Three minutes this time. As Laura struggled to let her muscles go loose and to release the tension through her breath, Josie counted the seconds, hitting thirty, then forty, then fifty. If she didn’t do something to convince Laura to get to the hospital, whatever thin thread of control Laura hoped for in planning her birth, in having it at the hospital she wanted, with the midwife she wanted, with Mike and Dylan and Josie at her side, was about to evaporate. The baby would be delivered here, outside one of the ubiquitous cell phone stores littering this part of the city. And then Josie’s own inner loss of control would begin its lonely process.
“Laura.”
“Yes?” she gasped.
“I think it’s time.” Infusing that statement with as much empathy as possible, Josie felt her voice crack, could hear the change in her tone, and hoped Laura could feel all of the things that words failed to say. A pale hand reached for Josie’s and grasped it, fingernails digging hard into her palm. Josie needed her own breath to control the transfer of pain.
“I know. I know,” Laura said simply. “I just needed to pretend it’s not about to happen.” Tears started to pour down Laura’s cheeks and dot the fabric of her knees as she rested in a crouched position, her, bloodshot eyes so bright and green they made Josie think of Caribbean waters reflecting white clouds and the air of possibility.
“Baby’s coming,” Laura said simply.
“Yes, honey, she’s coming,” Josie said.
“What have I done?” Laura asked. “Nine and a half months ago I sat in my apartment making you the nine thousandth pot of coffee ever and you made me go on this dating site—”
“I didn’t make you.”
“You made me. Don’t try to pretend you didn’t make me.”
“Okay,” Josie said, humbled. “I did.”
“You made me write this stupid want ad to go whore myself out.”
“You didn’t whore yourself out.”
“To go whore myself out. Hey—I’m the one having the baby, I get to pick what I say. Quit interrupting.” Josie couldn’t argue with that. “To whore myself out and then I go and find Dylan and…and then it turns out that Dylan and Mike...and…”
Silence.
Laura stopped talking as yet another wave hit her, and Josie felt the kinetics of the contraction kick into her through the strength of Laura’s fingers, her fingertips pressing their tension into Josie’s wrist and hand. Josie could even sense the layers of her uterus cramping and clamping and pulling, the fibers all acting in whatever strange pattern the body needed to weave in order to push this baby out into the world. If Laura had teleported Josie’s mind into her body she couldn’t have transferred that feeling any better.

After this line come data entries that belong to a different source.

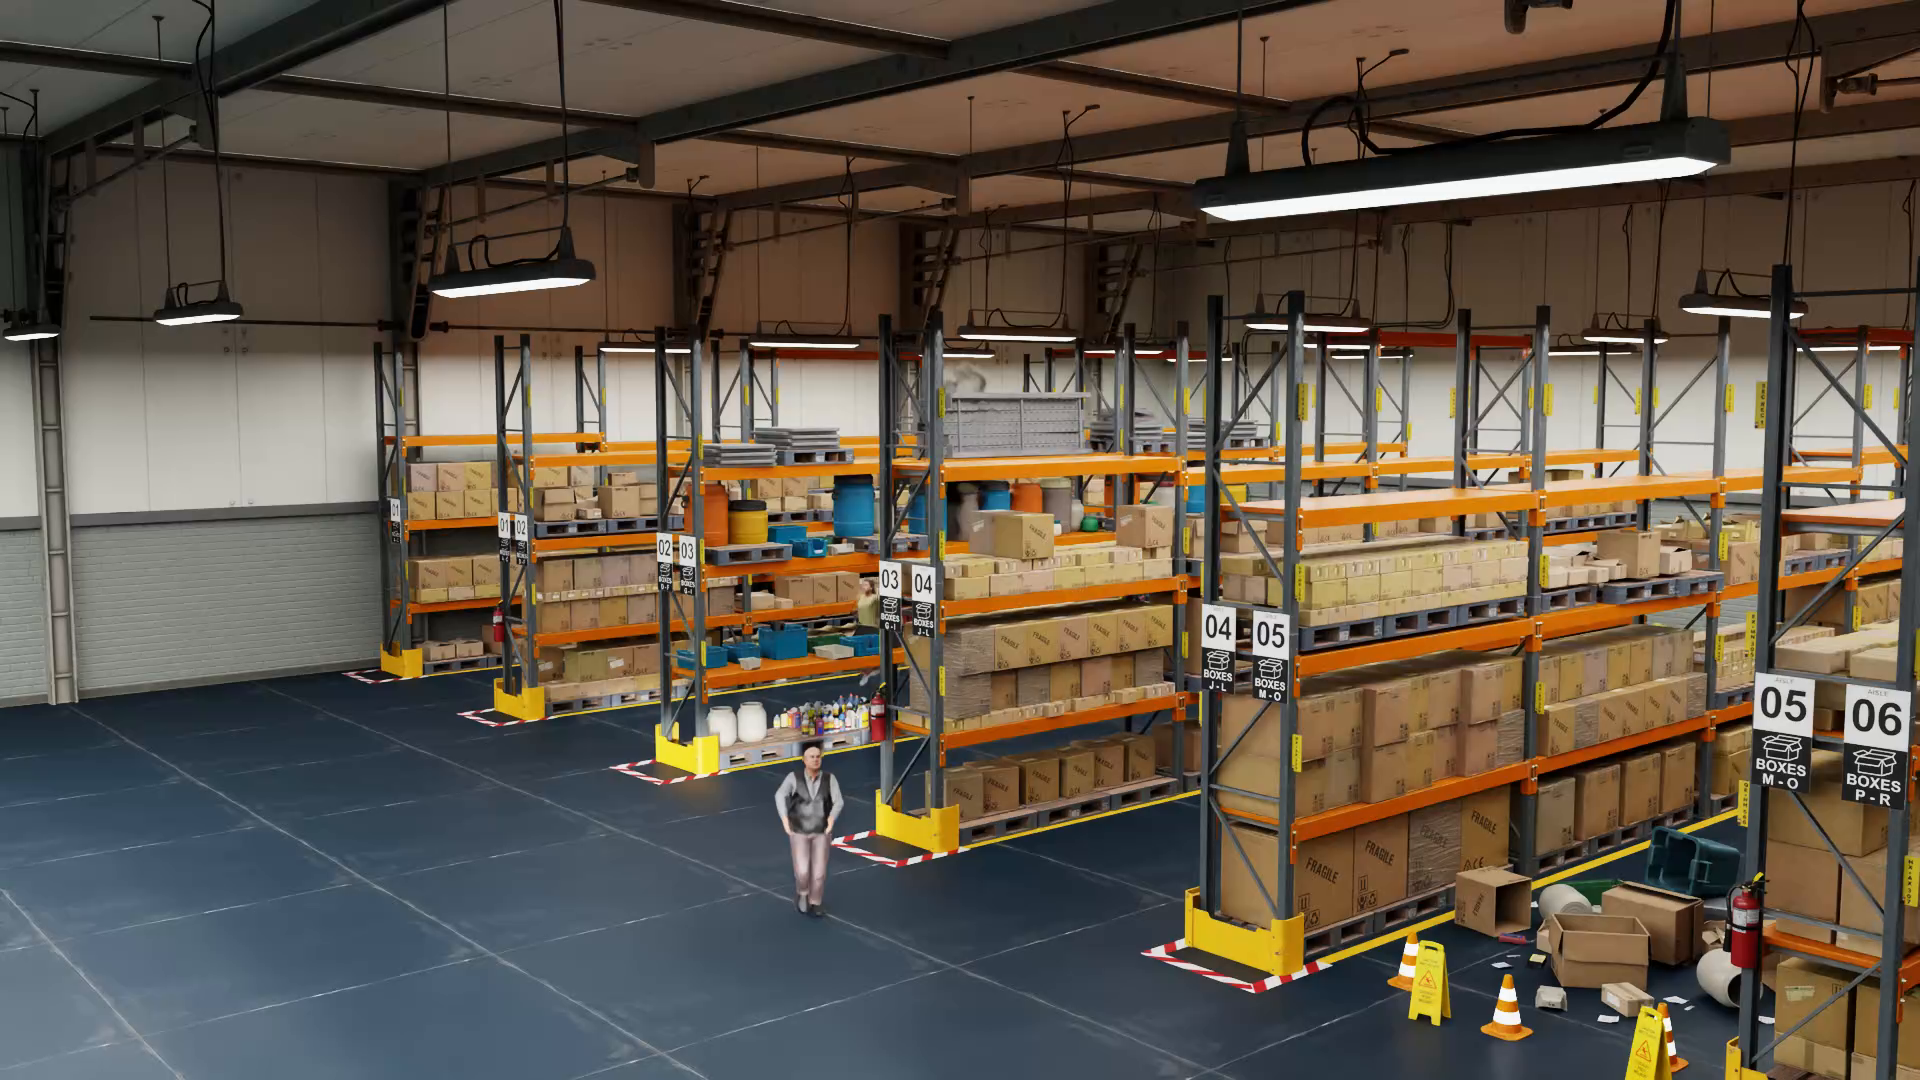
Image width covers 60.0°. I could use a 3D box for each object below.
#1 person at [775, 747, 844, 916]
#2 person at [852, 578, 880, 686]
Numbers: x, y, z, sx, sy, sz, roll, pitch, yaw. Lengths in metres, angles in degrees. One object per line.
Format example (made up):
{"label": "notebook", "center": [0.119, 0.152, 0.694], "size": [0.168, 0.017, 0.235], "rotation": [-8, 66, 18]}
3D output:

Closing her eyes, Josie saw a red, blooming mist behind her lids, like the audio that Laura sometimes listened to, training the brain to perceive pain in a different way with hypnosis. Josie thought that was a big load of shit, and yet, somehow in this moment of intensity, this pinpoint of biological destiny, that was where her brain went—to that stupid, insipid, ridiculous image of a misty cloud blooming. Maybe, though, just maybe, it was her own internal pain receptors panicking and not some new-agey bullshit…because damn, did Laura know how to destroy her hand or what?

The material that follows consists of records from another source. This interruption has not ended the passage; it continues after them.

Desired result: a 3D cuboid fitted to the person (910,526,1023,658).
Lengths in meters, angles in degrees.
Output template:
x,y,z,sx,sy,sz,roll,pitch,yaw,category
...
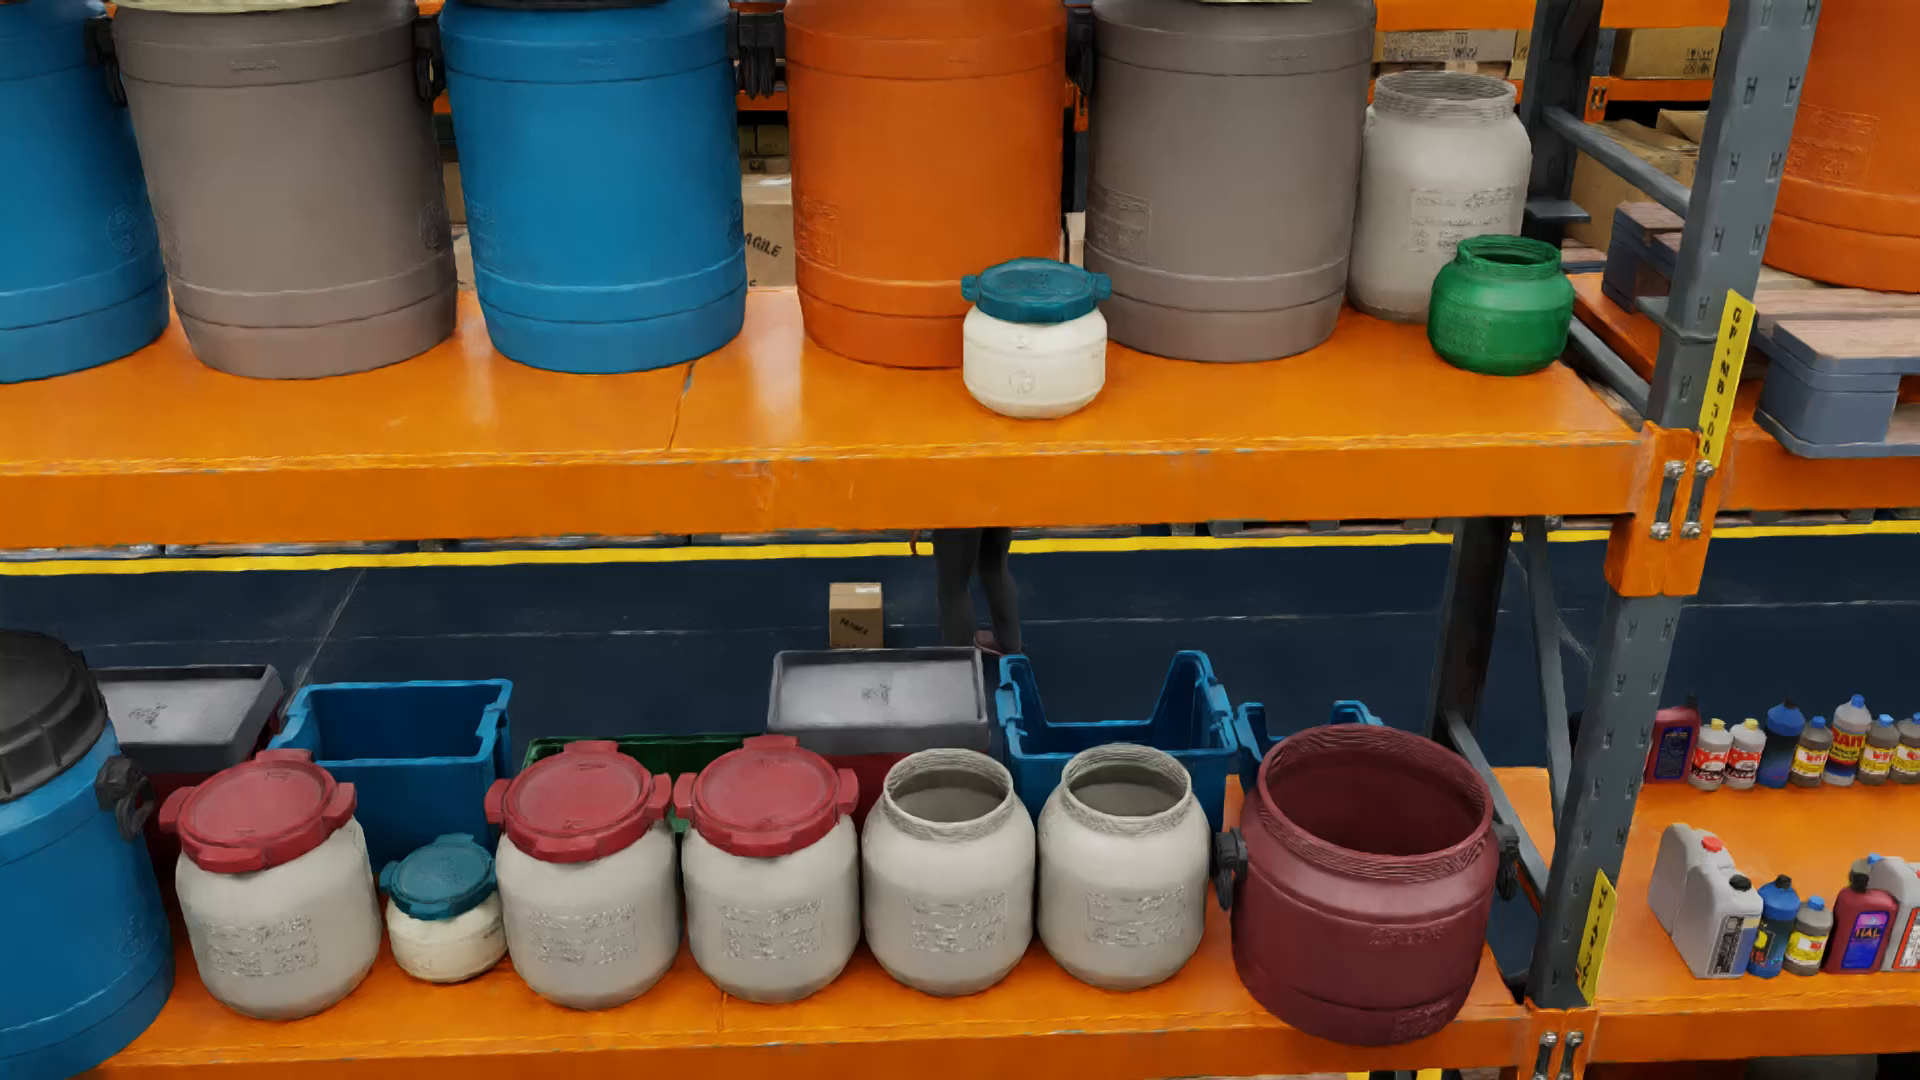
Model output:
x,y,z,sx,sy,sz,roll,pitch,yaw,category
0.031,-0.125,7.322,0.549,1.647,0.319,-23,35,-36,person

“We’re going to get you back to my car,” Josie said.
“Where’s your car?” Laura cried.
“It’s back near Jeddy’s.”
“That far?”
“It’s a block, Laura.”
“We only made it a block?”
“Yeah, hon, we did.”
“No, I was walking…was…no.”
“It was a long block,” Josie reassured her as they slowly, step by painstaking step, made their way back.
“Why does it feel like I have a bowling ball between my legs?” Laura said, widening her stance and walking like a toddler with a heavy load in a disposable diaper.
Because you do, Josie thought, except it’s coming out of your front door later on today. Laura came to a grinding halt and gaped openly at Josie. Oh, shit, she thought, did I say that aloud?